Ruh dolu bir Münih seyahati (2)
Geçen hafta Mısır'daydık. Uzun süren, uzun soluklu bir seyahat yaptık Mısır'a. Mısır seyahatimizin izlenimlerini Azerbaycan temsilcimiz Vuqar Azizov'un kaleminden tadımlık olarak yayımlamıştık. İki hafta önce de Münih, Stuttgart ve orada Zürih’ten geçerek Lozan'dan ve Montrö'den çıktığımız muazzam, leziz ve bereketli geçen 6 günlük bir seyahat gerçekleştirdik. Seyahatimizi MTO Avrupa yönetim ekibimizden Ayşe Akdağ kardeşimiz kaleme aldı. Seyahat boyunca bize eşlik eden Ayşe Akdağ kardeşimizin samimi, dopdolu ve verimli seyahat yazısını sizlerle bugün de paylaşıyorum. Çok güzel bir pazar yazısı oldu bu. Zihin açıcı okumalar diliyorum.
GÜCÜMÜZ DE ZAAFIMIZ DA MERHAMETİMİZ
Yusuf Hocamızın, Müslümanın Medeniyet Tasavvuru Yolculuğu programına hep birlikte iştirak ediyoruz. Osmanlı ruhunun özeti olan adalet, hakkaniyet ve merhamet ilkeleri ile dünyanın gelecek bin yılının tohumlarını ekme çabası...

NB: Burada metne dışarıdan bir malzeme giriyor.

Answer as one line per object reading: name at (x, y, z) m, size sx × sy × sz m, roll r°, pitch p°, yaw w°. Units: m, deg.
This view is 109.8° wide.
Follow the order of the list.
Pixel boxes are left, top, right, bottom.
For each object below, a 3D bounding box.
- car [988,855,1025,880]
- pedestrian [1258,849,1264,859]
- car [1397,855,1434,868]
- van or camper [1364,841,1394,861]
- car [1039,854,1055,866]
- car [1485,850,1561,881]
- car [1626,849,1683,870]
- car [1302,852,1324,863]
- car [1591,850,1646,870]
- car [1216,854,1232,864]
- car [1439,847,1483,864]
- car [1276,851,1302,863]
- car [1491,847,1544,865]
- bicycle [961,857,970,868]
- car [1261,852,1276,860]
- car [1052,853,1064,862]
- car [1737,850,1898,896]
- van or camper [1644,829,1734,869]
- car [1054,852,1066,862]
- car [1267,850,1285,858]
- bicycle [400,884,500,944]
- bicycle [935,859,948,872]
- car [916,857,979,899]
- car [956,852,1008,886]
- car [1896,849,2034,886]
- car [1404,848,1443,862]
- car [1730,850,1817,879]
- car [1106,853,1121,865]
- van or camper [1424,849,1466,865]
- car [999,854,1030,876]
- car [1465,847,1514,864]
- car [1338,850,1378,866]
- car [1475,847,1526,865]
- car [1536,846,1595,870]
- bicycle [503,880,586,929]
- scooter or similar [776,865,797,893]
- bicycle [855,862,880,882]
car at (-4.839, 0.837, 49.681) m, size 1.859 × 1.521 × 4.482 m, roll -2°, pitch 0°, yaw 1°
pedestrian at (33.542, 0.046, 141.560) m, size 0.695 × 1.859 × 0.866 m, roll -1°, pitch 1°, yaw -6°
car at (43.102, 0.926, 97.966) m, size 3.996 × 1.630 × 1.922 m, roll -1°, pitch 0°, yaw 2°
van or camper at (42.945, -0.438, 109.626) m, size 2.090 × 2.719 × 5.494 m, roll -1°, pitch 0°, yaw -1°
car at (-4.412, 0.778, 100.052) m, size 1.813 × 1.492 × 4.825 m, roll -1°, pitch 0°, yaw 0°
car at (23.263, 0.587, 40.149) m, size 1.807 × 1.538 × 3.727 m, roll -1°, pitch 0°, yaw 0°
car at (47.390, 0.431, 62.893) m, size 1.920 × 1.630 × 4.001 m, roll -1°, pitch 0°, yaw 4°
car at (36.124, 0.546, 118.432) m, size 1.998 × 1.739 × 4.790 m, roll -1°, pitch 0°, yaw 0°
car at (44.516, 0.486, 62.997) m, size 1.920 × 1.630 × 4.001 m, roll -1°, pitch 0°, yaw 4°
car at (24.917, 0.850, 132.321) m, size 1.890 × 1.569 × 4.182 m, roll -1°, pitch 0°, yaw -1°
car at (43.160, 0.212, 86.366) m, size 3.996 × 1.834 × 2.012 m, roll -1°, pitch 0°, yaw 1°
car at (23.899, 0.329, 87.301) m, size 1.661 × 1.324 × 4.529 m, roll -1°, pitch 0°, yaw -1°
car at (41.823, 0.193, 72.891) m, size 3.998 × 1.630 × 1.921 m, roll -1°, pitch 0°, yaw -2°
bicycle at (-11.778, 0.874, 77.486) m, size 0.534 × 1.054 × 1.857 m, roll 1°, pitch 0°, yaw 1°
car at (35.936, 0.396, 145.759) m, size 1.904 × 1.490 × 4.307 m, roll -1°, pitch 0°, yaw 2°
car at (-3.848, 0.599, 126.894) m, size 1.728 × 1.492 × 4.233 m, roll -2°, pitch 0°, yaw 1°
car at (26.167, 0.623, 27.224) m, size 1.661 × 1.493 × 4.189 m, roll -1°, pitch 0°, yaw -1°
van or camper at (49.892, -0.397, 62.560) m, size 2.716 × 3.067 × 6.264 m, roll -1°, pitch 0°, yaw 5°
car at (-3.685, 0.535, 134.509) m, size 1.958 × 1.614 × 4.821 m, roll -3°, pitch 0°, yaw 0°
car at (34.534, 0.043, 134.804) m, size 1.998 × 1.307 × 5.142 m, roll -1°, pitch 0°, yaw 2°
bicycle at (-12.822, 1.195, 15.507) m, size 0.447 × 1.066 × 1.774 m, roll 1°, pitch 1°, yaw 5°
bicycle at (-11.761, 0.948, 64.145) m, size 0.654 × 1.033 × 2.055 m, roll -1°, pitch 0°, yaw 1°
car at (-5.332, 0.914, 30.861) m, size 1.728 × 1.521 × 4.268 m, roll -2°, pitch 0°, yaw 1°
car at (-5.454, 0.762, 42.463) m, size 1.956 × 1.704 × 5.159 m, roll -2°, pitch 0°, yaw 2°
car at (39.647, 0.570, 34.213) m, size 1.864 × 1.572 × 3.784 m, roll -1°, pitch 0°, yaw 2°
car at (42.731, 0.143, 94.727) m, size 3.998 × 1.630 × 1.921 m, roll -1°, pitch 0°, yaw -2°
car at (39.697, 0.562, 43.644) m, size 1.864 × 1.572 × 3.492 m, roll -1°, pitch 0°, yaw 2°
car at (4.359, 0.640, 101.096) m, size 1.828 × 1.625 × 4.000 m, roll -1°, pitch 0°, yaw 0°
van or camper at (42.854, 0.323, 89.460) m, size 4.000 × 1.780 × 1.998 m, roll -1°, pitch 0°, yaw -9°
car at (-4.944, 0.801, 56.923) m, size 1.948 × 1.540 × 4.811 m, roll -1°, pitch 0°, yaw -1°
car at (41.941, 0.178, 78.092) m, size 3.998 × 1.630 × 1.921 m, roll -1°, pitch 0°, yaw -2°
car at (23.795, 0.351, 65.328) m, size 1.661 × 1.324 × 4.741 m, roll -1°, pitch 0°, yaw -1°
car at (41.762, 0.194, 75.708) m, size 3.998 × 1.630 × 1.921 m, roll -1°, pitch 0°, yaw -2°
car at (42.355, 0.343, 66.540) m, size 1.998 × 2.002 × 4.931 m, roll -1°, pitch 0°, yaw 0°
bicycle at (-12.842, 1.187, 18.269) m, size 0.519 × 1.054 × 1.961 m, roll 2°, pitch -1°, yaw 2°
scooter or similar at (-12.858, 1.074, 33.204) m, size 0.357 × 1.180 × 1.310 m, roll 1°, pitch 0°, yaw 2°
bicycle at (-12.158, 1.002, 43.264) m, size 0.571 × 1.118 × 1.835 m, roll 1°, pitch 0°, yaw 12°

Kandan beslenenler ve merhametten beslenenler bir mi? Müslümansa, merhametten beslenir diyor Yusuf Hoca. Abdülhamid gibi. Merhamet, Abdülhamid'in en güçlü tarafıydı ve aynı zamanda en zayıf tarafıydı. Merhametten yoksun olanların, Abdülhamid'in merhametinden faydalanması... Oysa merhamet, Müslümana en çok yakışandı. O, merhamet etti mi, bir verip bin almazdı. O, merhameti, kaynağından, şefkat peygamberinden almıştı bu anlayışı.

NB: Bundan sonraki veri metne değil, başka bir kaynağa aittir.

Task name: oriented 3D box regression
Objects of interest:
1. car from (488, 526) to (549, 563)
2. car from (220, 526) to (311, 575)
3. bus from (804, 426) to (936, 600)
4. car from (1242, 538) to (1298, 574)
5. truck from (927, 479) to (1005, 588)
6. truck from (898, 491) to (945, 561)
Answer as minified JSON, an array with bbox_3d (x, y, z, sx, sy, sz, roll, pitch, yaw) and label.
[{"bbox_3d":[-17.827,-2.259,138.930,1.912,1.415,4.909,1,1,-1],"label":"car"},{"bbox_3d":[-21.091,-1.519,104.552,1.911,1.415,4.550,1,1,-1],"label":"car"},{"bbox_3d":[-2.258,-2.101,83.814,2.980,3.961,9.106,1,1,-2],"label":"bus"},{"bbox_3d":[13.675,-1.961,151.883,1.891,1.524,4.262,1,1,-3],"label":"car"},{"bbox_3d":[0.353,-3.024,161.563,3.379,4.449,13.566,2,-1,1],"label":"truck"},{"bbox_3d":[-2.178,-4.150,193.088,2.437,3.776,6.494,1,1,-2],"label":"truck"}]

Merhametin öncüsü olan Türkiye'nin bu yüzden önü kesilmek istendi. Yeni dünya düzeni kurulur iken, Türkiye'nin merhamet anlayışını kabullenemeyenler, dergilere kapak resmi yaparak, merhametsizlerin arasında Türkiye'nin merhamet anlayışının eriyip bitmesi için düzenlenen onca tezgâh vardı. İşte bu yüzden, merhametin en çok Müslümana yakışmasıyla birlikte, bilimde, düşüncede, ahlak ve sanayi alanlarında güçlü olarak, merhameti en güçlü tarafımız belleyerek, merhametsizlerin merhamet duygumuzu sömürmesine izin vermeden geleceği inşa etmek zorundayız.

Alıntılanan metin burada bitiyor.